Parse available connection info from a well-known storage URL.

Any path on the URL will be assigned as the prefix for the store. So if you pass s3://bucket/path/to/directory, the store will be created with a prefix of path/to/directory, and all further operations will use paths relative to that prefix.

The supported url schemes are:

  • s3://<bucket>/<path>

  • s3a://<bucket>/<path>

  • https://s3.<region>.amazonaws.com/<bucket>

  • https://<bucket>.s3.<region>.amazonaws.com

  • https://ACCOUNT_ID.r2.cloudflarestorage.com/bucket

Parameters:

url – well-known storage URL.

Keyword Arguments:
  • config – AWS Configuration. Values in this config will override values inferred from the url. Defaults to None.

  • client_options – HTTP Client options. Defaults to None.

  • retry_config – Retry configuration. Defaults to None.

  • credential_provider – A callback to provide custom S3 credentials.

  • kwargs – AWS configuration values. Supports the same values as config, but as named keyword args.

Returns:

S3Store

property prefix: str | None#

Get the prefix applied to all operations in this store, if any.

property retry_config: RetryConfig | None#

Get the store’s retry configuration.

class vortex.store.S3Config#

Configuration parameters for S3Store.

access_key_id: str#

AWS Access Key.

Environment variable: AWS_ACCESS_KEY_ID.

bucket: str#

Bucket name (required).

Environment variables:

  • AWS_BUCKET

  • AWS_BUCKET_NAME

checksum_algorithm: Literal['SHA256'] | str#

Sets the checksum algorithm which has to be used for object integrity check during upload.

Environment variable: AWS_CHECKSUM_ALGORITHM.

conditional_put: str#

Configure how to provide conditional put support

Supported values:

  • "etag" (default): Supported for S3-compatible stores that support conditional

    put using the standard HTTP precondition headers If-Match and If-None-Match.

  • "dynamo:<TABLE_NAME>" or "dynamo:<TABLE_NAME>:<TIMEOUT_MILLIS>": The name of a DynamoDB table to use for coordination.

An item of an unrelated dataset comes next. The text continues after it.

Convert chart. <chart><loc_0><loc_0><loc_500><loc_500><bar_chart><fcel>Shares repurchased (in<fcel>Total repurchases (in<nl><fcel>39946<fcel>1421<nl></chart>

    This will use the same region, credentials and endpoint as configured for S3.

Environment variable: AWS_CONDITIONAL_PUT.

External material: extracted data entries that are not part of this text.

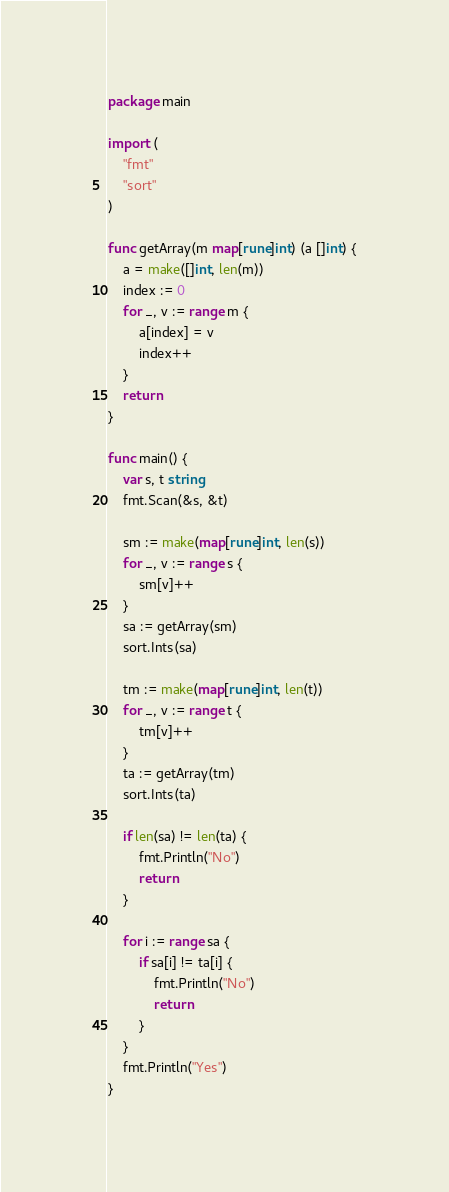Convert code to text. <code><loc_0><loc_0><loc_500><loc_500><_Go_>package main

import (
	"fmt"
	"sort"
)

func getArray(m map[rune]int) (a []int) {
	a = make([]int, len(m))
	index := 0
	for _, v := range m {
		a[index] = v
		index++
	}
	return
}

func main() {
	var s, t string
	fmt.Scan(&s, &t)

	sm := make(map[rune]int, len(s))
	for _, v := range s {
		sm[v]++
	}
	sa := getArray(sm)
	sort.Ints(sa)

	tm := make(map[rune]int, len(t))
	for _, v := range t {
		tm[v]++
	}
	ta := getArray(tm)
	sort.Ints(ta)

	if len(sa) != len(ta) {
		fmt.Println("No")
		return
	}

	for i := range sa {
		if sa[i] != ta[i] {
			fmt.Println("No")
			return
		}
	}
	fmt.Println("Yes")
}
</code>

container_credentials_relative_uri: str#

Set the container credentials relative URI

<https://docs.aws.amazon.com/AmazonECS/latest/developerguide/task-iam-roles.html>

Environment variable: AWS_CONTAINER_CREDENTIALS_RELATIVE_URI.

copy_if_not_exists: Literal['multipart'] | str#

Configure how to provide “copy if not exists”.

Supported values:

  • "multipart":

    Native Amazon S3 supports copy if not exists through a multipart upload where the upload copies an existing object and is completed only if the new object does not already exist.

    Warning

    When using this mode, copy_if_not_exists does not copy tags or attributes from the source object.

    Warning

    When using this mode, copy_if_not_exists makes only a best effort attempt to clean up the multipart upload if the copy operation fails. Consider using a lifecycle rule to automatically clean up abandoned multipart uploads.

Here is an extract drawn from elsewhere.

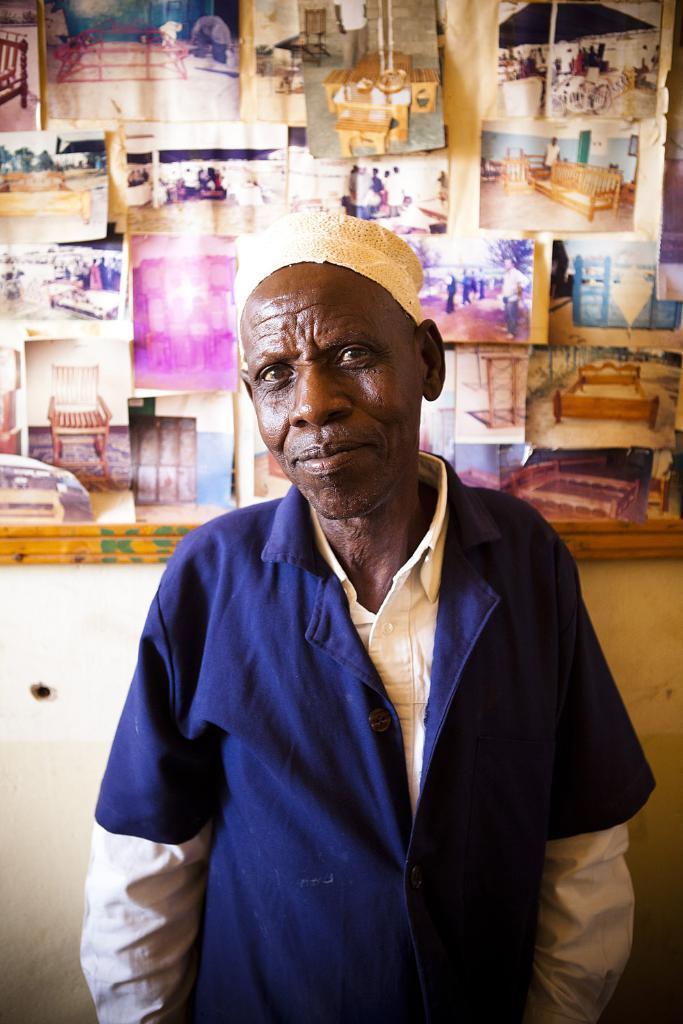How would you summarize this image in a sentence or two? In the middle of the image there is a man standing on the floor. In the background there is a wall and there is a board with many pictures and posters on it. The board is placed on the wall.

  • "header:<HEADER_NAME>:<HEADER_VALUE>":

    Some S3-compatible stores, such as Cloudflare R2, support copy if not exists semantics through custom headers.

    If set, copy_if_not_exists will perform a normal copy operation with the provided header pair, and expect the store to fail with 412 Precondition Failed if the destination file already exists.

    For example header: cf-copy-destination-if-none-match: *, would set the header cf-copy-destination-if-none-match to *.

  • "header-with-status:<HEADER_NAME>:<HEADER_VALUE>:<STATUS>":

    The same as the header variant above but allows custom status code checking, for object stores that return values other than 412.

  • "dynamo:<TABLE_NAME>" or "dynamo:<TABLE_NAME>:<TIMEOUT_MILLIS>":

    The name of a DynamoDB table to use for coordination.

    The default timeout is used if not specified. This will use the same region, credentials and endpoint as configured for S3.

Environment variable: AWS_COPY_IF_NOT_EXISTS.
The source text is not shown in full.